The carrier is liable for damage sustained in the event of the death or wounding of a passenger or any other bodily injury suffered by a passenger, if the accident which caused the damage so sustained took place on board the aircraft or in the course of any of the operations of embarking or disembarking.

The Guadalajara Convention defines 'contracting' and 'actual' carriers in Article 1 as follows:

'contracting carrier' means a person who as principal makes an agreement for carriage governed by the Warsaw Convention with a passenger or consignor or with a person acting on behalf of the passenger or consignor.
'actual carrier' means a person, other than the contracting carrier, who, by virtue of authority from the contracting carrier, performs the whole or part of the carriage contemplated in [the paragraph above] but who is not with respect to such part a successive carrier within the meaning of ... Warsaw. Such authority is presumed in the absence of proof to the contrary.'

The Decision

Air Tahiti had denied it was the carrier, claiming instead that its parent company, Air Tahiti Societe Anonyme (ATSA) was the carrier. Air Tahiti argued ATSA was the entity that ultimately undertook the actual carriage, as ATSA was the operator of the aircraft, the employer of the flight crew, a member of the International Air Transport Association (IATA), and the holder of an Air Operator's Certificate and an International Airline Licence.

Importantly for the parties, the two-year limitation period for an action against ATSA had expired.

Air Tahiti argued that even if it was a party to a contract with the plaintiffs, ATSA was the undisclosed principal (and hence Air Tahiti could not be a 'principal' as required by the Guadalajara Convention definition of 'contracting carrier'). The Court rejected this argument and noted that where a travel or transport intermediary undertakes a contractual obligation for carriage (even if it cannot perform the contract itself and has to subcontract with an actual carrier), they are contracting as a principal.

Air Tahiti also argued that it did not have 'authority' to require ATSA to undertake the carriage (as envisaged by the Guadalajara Convention definition of 'actual carrier'). The Court rejected this argument on the basis that such authority was presumed in the absence of proof to the contrary.

The Court then considered the factual matrix in which the contract of carriage arose to determine whether Air Tahiti made an agreement for carriage as a principal with the plaintiffs.

The plaintiffs had booked their flights through Flight Centre. The terms of the contract of carriage were ambiguous on the identity of the contracting carrier. Flight Centre's terms and conditions specifically stated that Flight Centre acted as 'a travel agent only'. So it was necessary to consider the contractual relationship between Flight Centre, Air Tahiti and ATSA.

The Court ultimately concluded that Air Tahiti contracted (through Flight Centre) with the plaintiffs as principal for the carriage from New York to Tahiti.
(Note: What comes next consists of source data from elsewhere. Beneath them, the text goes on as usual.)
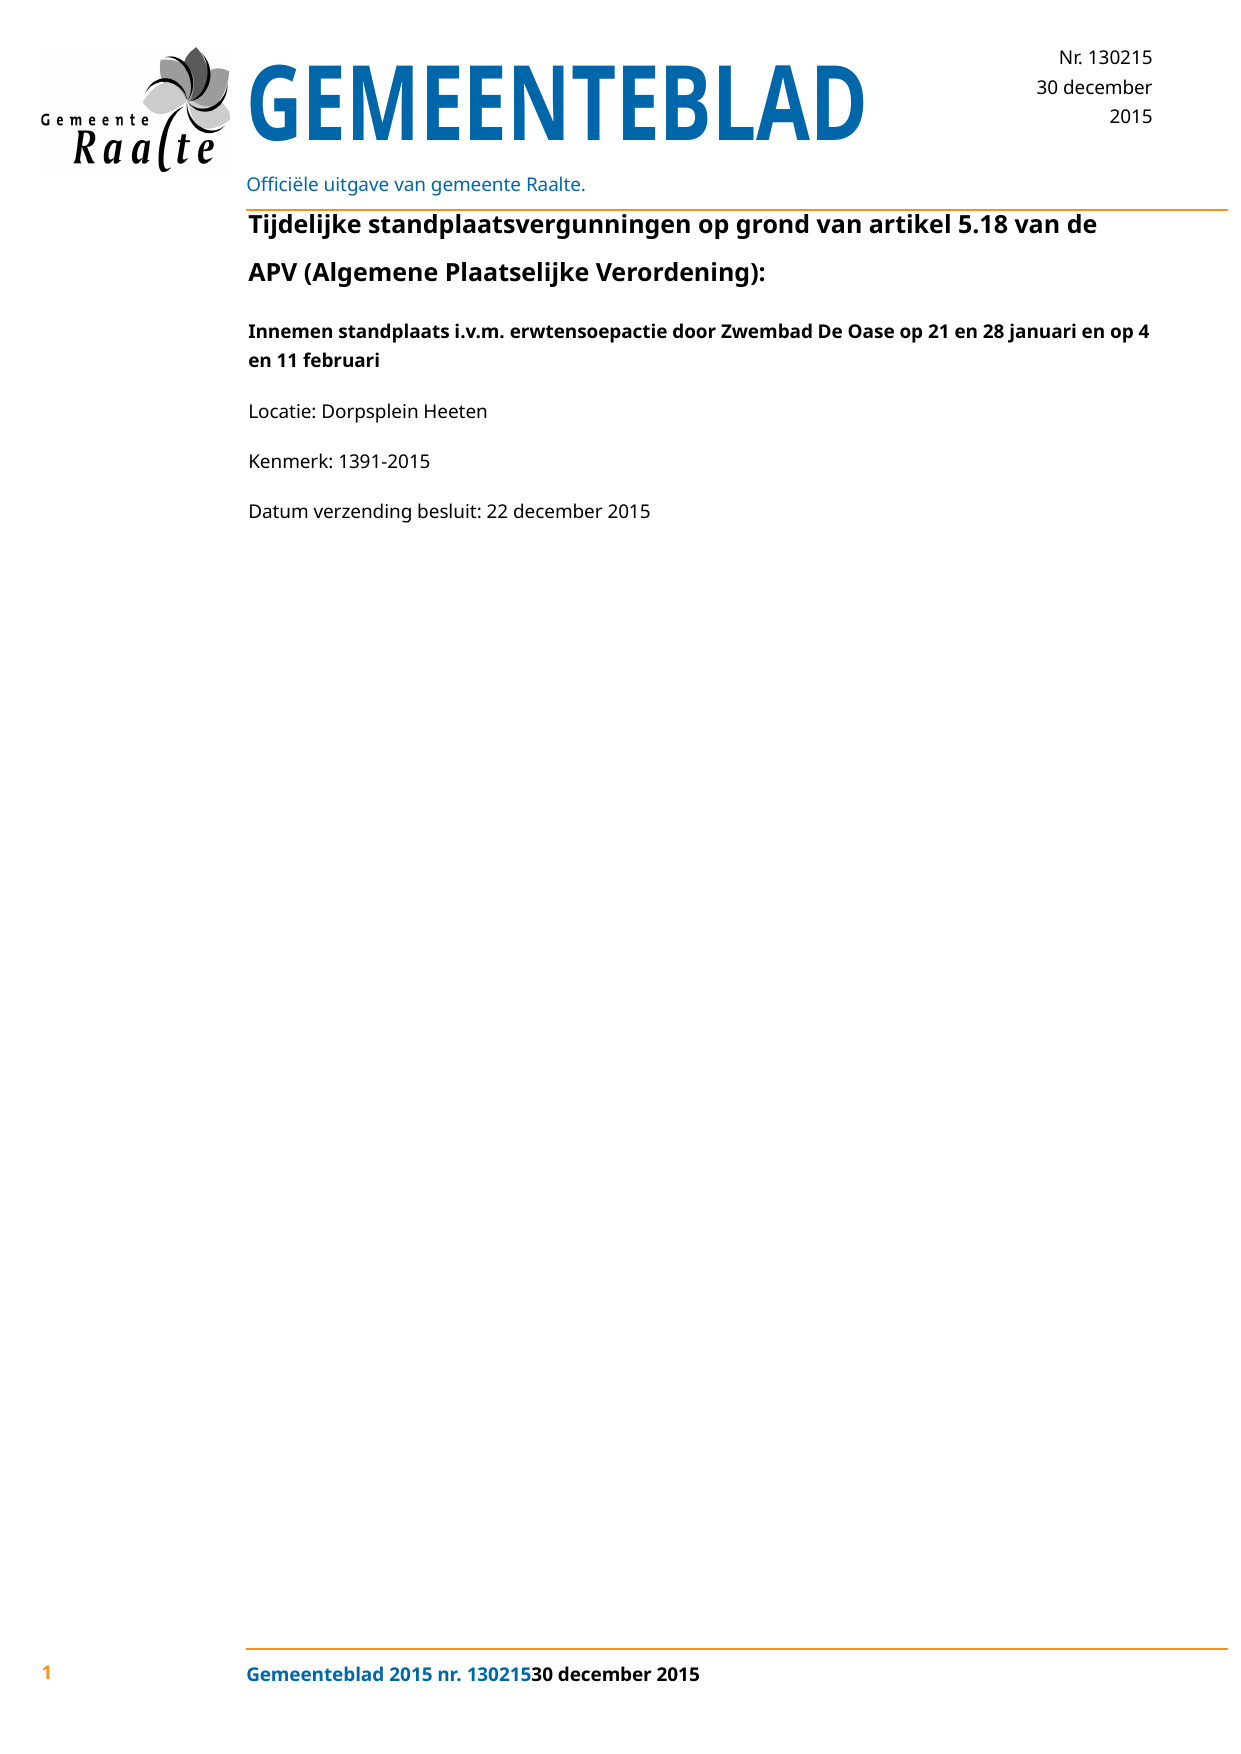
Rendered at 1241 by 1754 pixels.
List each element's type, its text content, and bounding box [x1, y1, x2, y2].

text Tijdelijke standplaatsvergunningen op grond van artikel 5.18 van de APV (Algemene Plaatselijke Verordening): [248, 211, 1152, 288]
text Datum verzending besluit: 22 december 2015 [248, 499, 1152, 524]
text Kenmerk: 1391-2015 [248, 448, 1152, 474]
picture [41, 47, 231, 172]
text Innemen standplaats i.v.m. erwtensoepactie door Zwembad De Oase op 21 en 28 januari en op 4 en 11 februari [248, 318, 1152, 373]
text Locatie: Dorpsplein Heeten [248, 398, 1152, 424]
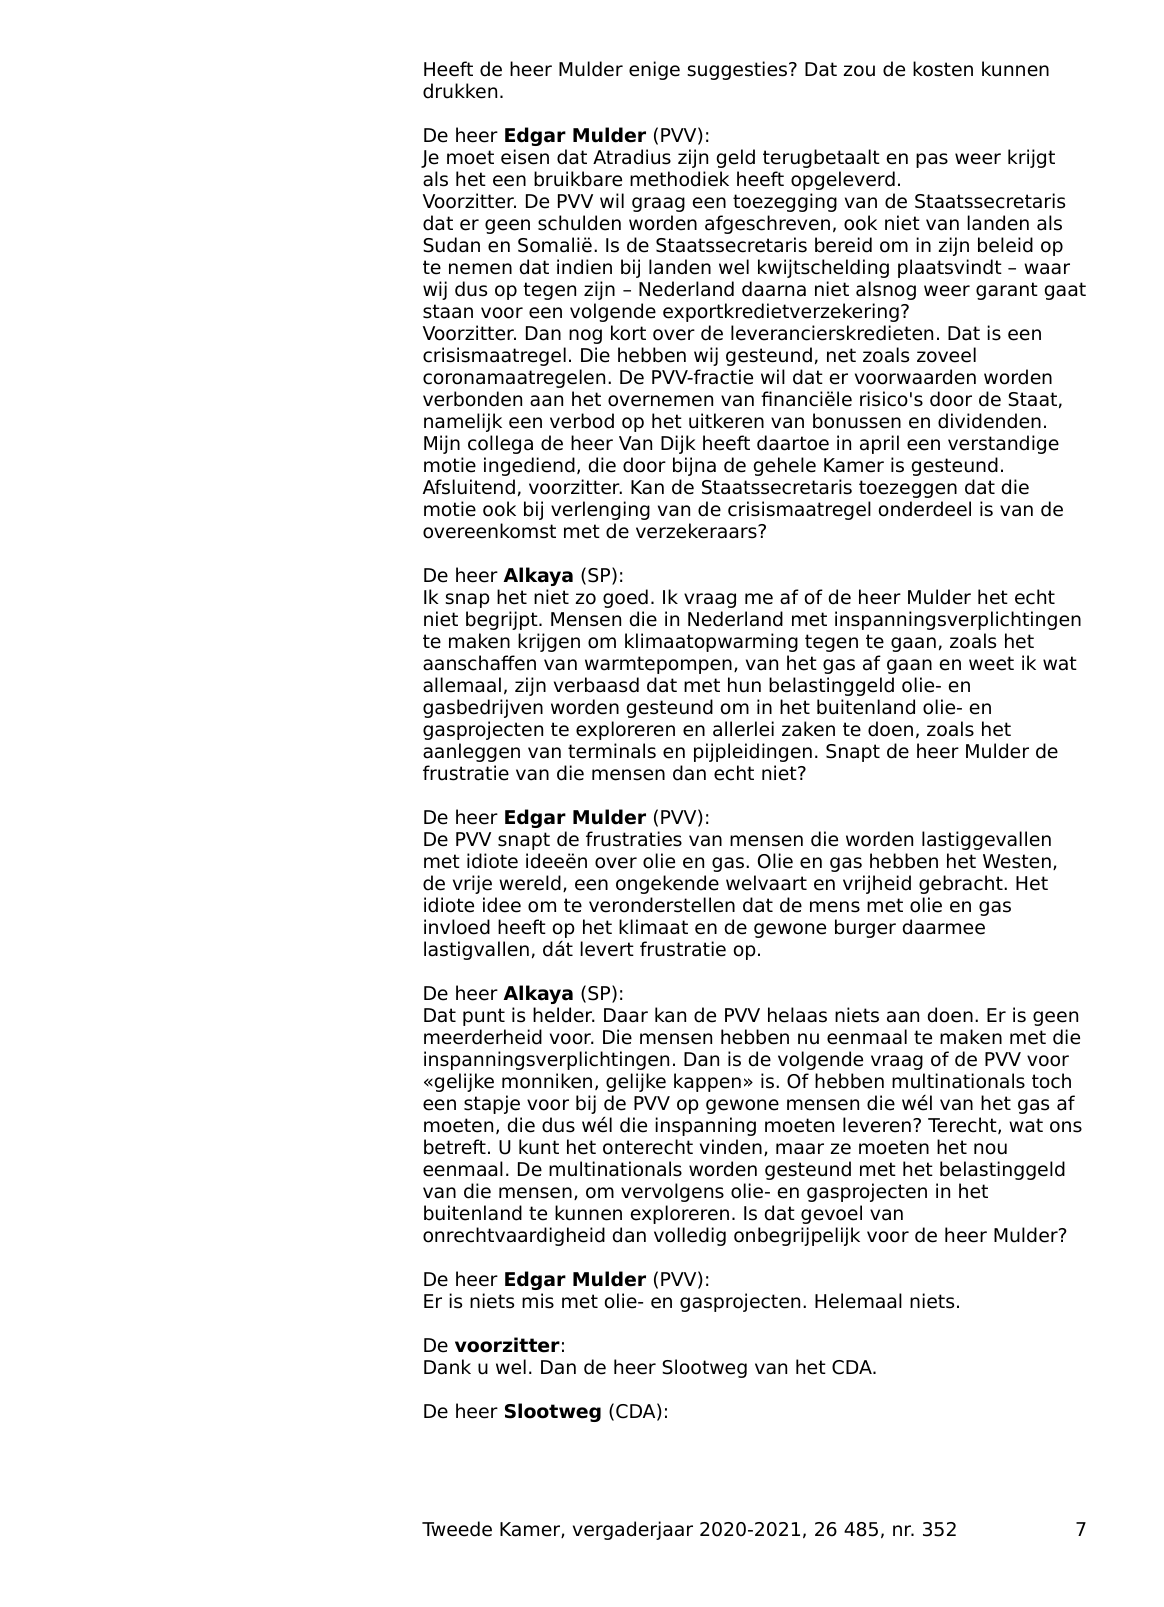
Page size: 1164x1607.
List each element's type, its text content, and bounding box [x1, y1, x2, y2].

text Heeft de heer Mulder enige suggesties? Dat zou de kosten kunnen drukken. [422, 59, 1087, 103]
text De voorzitter: [422, 1335, 1087, 1357]
text Voorzitter. Dan nog kort over de leverancierskredieten. Dat is een crisismaatregel. Die hebben wij gesteund, net zoals zoveel coronamaatregelen. De PVV-fractie wil dat er voorwaarden worden verbonden aan het overnemen van financiële risico's door de Staat, namelijk een verbod op het uitkeren van bonussen en dividenden. Mijn collega de heer Van Dijk heeft daartoe in april een verstandige motie ingediend, die door bijna de gehele Kamer is gesteund. [422, 323, 1087, 477]
text De heer Alkaya (SP): [422, 983, 1087, 1005]
text Voorzitter. De PVV wil graag een toezegging van de Staatssecretaris dat er geen schulden worden afgeschreven, ook niet van landen als Sudan en Somalië. Is de Staatssecretaris bereid om in zijn beleid op te nemen dat indien bij landen wel kwijtschelding plaatsvindt – waar wij dus op tegen zijn – Nederland daarna niet alsnog weer garant gaat staan voor een volgende exportkredietverzekering? [422, 191, 1087, 323]
text De heer Edgar Mulder (PVV): [422, 1269, 1087, 1291]
text Ik snap het niet zo goed. Ik vraag me af of de heer Mulder het echt niet begrijpt. Mensen die in Nederland met inspanningsverplichtingen te maken krijgen om klimaatopwarming tegen te gaan, zoals het aanschaffen van warmtepompen, van het gas af gaan en weet ik wat allemaal, zijn verbaasd dat met hun belastinggeld olie- en gasbedrijven worden gesteund om in het buitenland olie- en gasprojecten te exploreren en allerlei zaken te doen, zoals het aanleggen van terminals en pijpleidingen. Snapt de heer Mulder de frustratie van die mensen dan echt niet? [422, 587, 1087, 785]
text De heer Edgar Mulder (PVV): [422, 125, 1087, 147]
text De heer Edgar Mulder (PVV): [422, 807, 1087, 829]
text Afsluitend, voorzitter. Kan de Staatssecretaris toezeggen dat die motie ook bij verlenging van de crisismaatregel onderdeel is van de overeenkomst met de verzekeraars? [422, 477, 1087, 543]
text De heer Slootweg (CDA): [422, 1401, 1087, 1423]
text Er is niets mis met olie- en gasprojecten. Helemaal niets. [422, 1291, 1087, 1313]
text De heer Alkaya (SP): [422, 565, 1087, 587]
text Dat punt is helder. Daar kan de PVV helaas niets aan doen. Er is geen meerderheid voor. Die mensen hebben nu eenmaal te maken met die inspanningsverplichtingen. Dan is de volgende vraag of de PVV voor «gelijke monniken, gelijke kappen» is. Of hebben multinationals toch een stapje voor bij de PVV op gewone mensen die wél van het gas af moeten, die dus wél die inspanning moeten leveren? Terecht, wat ons betreft. U kunt het onterecht vinden, maar ze moeten het nou eenmaal. De multinationals worden gesteund met het belastinggeld van die mensen, om vervolgens olie- en gasprojecten in het buitenland te kunnen exploreren. Is dat gevoel van onrechtvaardigheid dan volledig onbegrijpelijk voor de heer Mulder? [422, 1005, 1087, 1247]
text De PVV snapt de frustraties van mensen die worden lastiggevallen met idiote ideeën over olie en gas. Olie en gas hebben het Westen, de vrije wereld, een ongekende welvaart en vrijheid gebracht. Het idiote idee om te veronderstellen dat de mens met olie en gas invloed heeft op het klimaat en de gewone burger daarmee lastigvallen, dát levert frustratie op. [422, 829, 1087, 961]
text Je moet eisen dat Atradius zijn geld terugbetaalt en pas weer krijgt als het een bruikbare methodiek heeft opgeleverd. [422, 147, 1087, 191]
text Dank u wel. Dan de heer Slootweg van het CDA. [422, 1357, 1087, 1379]

In doing so, the Court took into account the following:

  • Air Tahiti paid Flight Centre incentive commissions if particular sales targets were met (which payments were made from Air Tahiti's own account).
  • The agreement between Air Tahiti and Flight Centre made no mention of ATSA.
  • Tickets were issued to the plaintiffs by Air Tahiti.
  • Flight Centre had authority to bind Air Tahiti for air travel but there was no evidence of authority on the part of Flight Centre to bind ATSA.
  • If ATSA had wished to ensure Flight Centre's clients entered into contracts of carriage with it directly, the agreement with Flight Centre could have specifically provided for this.
  • There was no specific evidence that Air Tahiti contracted with Flight Centre as agent for ATSA and the terms of Flight Centre's agreement with Air Tahiti tended to exclude such an arrangement.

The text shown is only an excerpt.